Materials provided section start

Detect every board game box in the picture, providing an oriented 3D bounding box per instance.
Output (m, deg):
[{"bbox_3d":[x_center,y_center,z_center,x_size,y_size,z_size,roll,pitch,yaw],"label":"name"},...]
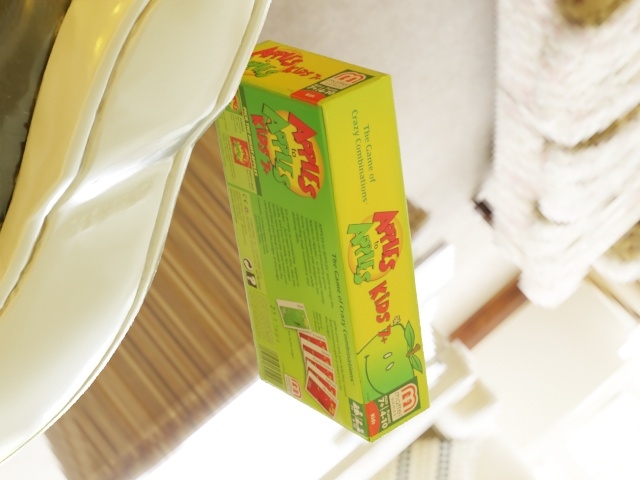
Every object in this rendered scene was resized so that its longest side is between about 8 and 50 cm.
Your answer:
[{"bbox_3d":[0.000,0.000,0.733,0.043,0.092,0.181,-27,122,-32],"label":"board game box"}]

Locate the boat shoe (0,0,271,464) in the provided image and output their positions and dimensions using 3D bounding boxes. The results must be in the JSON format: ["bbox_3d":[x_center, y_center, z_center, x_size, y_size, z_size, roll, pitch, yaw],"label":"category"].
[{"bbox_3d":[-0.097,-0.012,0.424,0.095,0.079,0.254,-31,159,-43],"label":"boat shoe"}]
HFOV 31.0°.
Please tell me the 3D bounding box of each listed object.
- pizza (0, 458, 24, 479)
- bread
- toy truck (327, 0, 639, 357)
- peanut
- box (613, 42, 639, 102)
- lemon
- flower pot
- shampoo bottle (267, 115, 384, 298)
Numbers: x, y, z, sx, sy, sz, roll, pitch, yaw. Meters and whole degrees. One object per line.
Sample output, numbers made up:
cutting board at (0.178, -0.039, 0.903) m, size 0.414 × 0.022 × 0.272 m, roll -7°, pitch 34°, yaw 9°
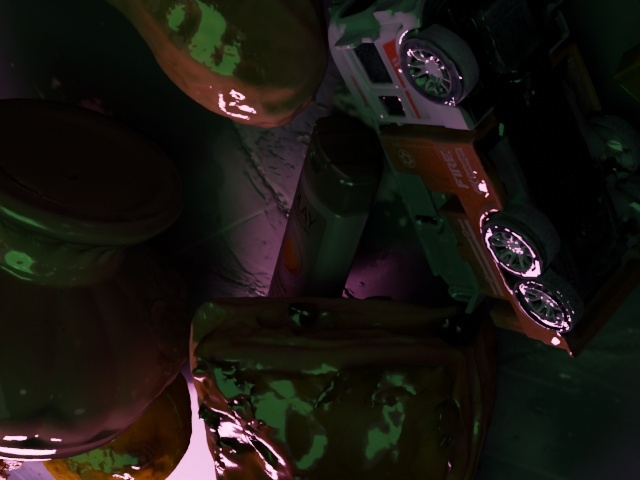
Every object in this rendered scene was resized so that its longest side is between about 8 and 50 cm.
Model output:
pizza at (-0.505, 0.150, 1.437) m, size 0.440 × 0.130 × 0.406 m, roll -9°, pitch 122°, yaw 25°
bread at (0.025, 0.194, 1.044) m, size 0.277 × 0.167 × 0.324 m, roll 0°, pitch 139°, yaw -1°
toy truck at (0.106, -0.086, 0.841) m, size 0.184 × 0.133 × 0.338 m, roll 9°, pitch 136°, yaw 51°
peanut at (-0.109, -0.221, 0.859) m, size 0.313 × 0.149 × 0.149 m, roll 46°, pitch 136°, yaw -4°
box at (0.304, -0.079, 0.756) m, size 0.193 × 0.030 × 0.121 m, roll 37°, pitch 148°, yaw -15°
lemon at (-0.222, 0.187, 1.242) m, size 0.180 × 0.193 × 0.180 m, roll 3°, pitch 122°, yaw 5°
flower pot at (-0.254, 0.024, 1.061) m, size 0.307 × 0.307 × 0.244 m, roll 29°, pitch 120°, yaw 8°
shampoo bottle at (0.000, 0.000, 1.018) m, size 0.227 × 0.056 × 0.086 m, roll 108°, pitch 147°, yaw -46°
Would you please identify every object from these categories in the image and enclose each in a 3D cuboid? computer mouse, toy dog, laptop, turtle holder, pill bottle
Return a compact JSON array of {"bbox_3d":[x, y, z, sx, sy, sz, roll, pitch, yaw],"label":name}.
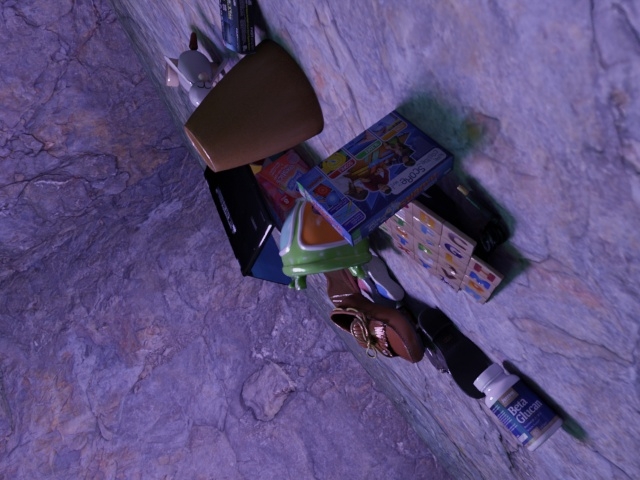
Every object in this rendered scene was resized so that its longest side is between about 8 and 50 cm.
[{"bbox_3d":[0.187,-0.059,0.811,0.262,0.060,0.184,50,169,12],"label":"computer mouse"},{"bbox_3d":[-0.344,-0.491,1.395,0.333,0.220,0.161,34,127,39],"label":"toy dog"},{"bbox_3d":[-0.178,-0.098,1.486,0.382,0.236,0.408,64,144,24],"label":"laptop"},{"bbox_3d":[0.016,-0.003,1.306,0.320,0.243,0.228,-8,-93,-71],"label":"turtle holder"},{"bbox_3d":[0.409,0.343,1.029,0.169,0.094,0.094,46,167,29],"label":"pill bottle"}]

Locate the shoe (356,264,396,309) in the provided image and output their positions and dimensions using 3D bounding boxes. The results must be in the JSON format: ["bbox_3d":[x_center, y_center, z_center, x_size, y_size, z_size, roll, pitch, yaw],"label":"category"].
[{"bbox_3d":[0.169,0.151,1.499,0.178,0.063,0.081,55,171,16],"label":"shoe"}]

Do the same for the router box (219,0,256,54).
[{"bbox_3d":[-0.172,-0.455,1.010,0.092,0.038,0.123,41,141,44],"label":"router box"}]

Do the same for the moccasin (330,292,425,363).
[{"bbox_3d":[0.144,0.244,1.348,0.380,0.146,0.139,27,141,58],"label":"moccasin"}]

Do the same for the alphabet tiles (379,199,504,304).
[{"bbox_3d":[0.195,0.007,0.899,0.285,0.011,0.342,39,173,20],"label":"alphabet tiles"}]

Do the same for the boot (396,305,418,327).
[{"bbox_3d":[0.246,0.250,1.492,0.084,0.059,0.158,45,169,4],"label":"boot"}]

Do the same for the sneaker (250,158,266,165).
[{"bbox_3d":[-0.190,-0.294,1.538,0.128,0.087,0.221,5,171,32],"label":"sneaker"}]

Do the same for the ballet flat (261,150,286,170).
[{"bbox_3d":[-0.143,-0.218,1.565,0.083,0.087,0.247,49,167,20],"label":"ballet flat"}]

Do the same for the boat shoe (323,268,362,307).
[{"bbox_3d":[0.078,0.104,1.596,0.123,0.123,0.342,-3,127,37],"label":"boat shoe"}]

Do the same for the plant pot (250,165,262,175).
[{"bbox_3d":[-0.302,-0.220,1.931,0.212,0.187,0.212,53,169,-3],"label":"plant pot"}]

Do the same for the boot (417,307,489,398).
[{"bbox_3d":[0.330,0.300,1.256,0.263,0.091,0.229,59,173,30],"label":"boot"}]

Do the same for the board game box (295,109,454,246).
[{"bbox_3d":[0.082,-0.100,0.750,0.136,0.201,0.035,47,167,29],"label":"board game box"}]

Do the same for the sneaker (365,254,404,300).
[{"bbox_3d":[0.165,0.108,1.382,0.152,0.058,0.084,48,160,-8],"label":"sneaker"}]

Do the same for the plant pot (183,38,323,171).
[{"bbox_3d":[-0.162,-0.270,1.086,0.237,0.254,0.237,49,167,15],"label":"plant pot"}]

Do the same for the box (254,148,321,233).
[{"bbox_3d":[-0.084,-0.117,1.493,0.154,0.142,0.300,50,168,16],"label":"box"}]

Materials provided section end
Materials provided section start

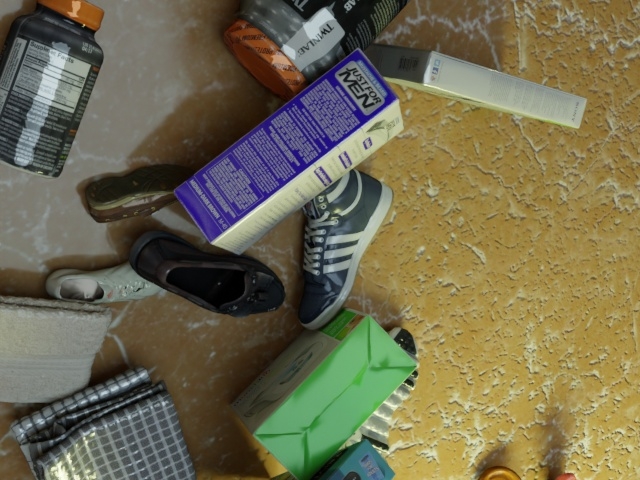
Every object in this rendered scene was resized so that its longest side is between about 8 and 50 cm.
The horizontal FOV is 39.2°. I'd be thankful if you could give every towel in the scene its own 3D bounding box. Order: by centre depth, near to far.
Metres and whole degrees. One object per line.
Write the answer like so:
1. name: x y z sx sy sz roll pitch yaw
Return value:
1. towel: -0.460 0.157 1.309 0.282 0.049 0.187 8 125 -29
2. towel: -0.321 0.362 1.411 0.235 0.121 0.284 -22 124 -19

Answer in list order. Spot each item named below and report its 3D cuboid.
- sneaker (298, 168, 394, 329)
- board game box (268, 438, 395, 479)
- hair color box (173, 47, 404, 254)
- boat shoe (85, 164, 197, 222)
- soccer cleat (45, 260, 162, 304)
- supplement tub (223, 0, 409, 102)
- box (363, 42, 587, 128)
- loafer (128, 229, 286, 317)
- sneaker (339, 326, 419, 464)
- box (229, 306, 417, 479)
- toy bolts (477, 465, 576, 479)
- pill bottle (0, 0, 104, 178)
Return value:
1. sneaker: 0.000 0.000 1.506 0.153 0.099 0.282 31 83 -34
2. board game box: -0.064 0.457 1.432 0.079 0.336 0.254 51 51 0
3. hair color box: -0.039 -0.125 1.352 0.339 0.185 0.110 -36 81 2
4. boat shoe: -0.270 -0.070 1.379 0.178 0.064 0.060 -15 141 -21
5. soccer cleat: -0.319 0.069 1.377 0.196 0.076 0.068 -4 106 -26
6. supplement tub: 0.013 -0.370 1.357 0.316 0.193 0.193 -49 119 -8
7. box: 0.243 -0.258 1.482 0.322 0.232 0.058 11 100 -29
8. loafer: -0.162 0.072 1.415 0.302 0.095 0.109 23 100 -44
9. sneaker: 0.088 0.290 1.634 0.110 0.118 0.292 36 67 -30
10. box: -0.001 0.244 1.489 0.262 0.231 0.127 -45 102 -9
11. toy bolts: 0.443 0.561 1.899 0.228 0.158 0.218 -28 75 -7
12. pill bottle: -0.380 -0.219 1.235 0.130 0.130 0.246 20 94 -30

Materials provided section end

Working from the data above, extract solely the lines from the one containing "- loafer (128, 229, 286, 317)" through the one containing "- pill bottle (0, 0, 104, 178)", exactly as they appear, both included.

- loafer (128, 229, 286, 317)
- sneaker (339, 326, 419, 464)
- box (229, 306, 417, 479)
- toy bolts (477, 465, 576, 479)
- pill bottle (0, 0, 104, 178)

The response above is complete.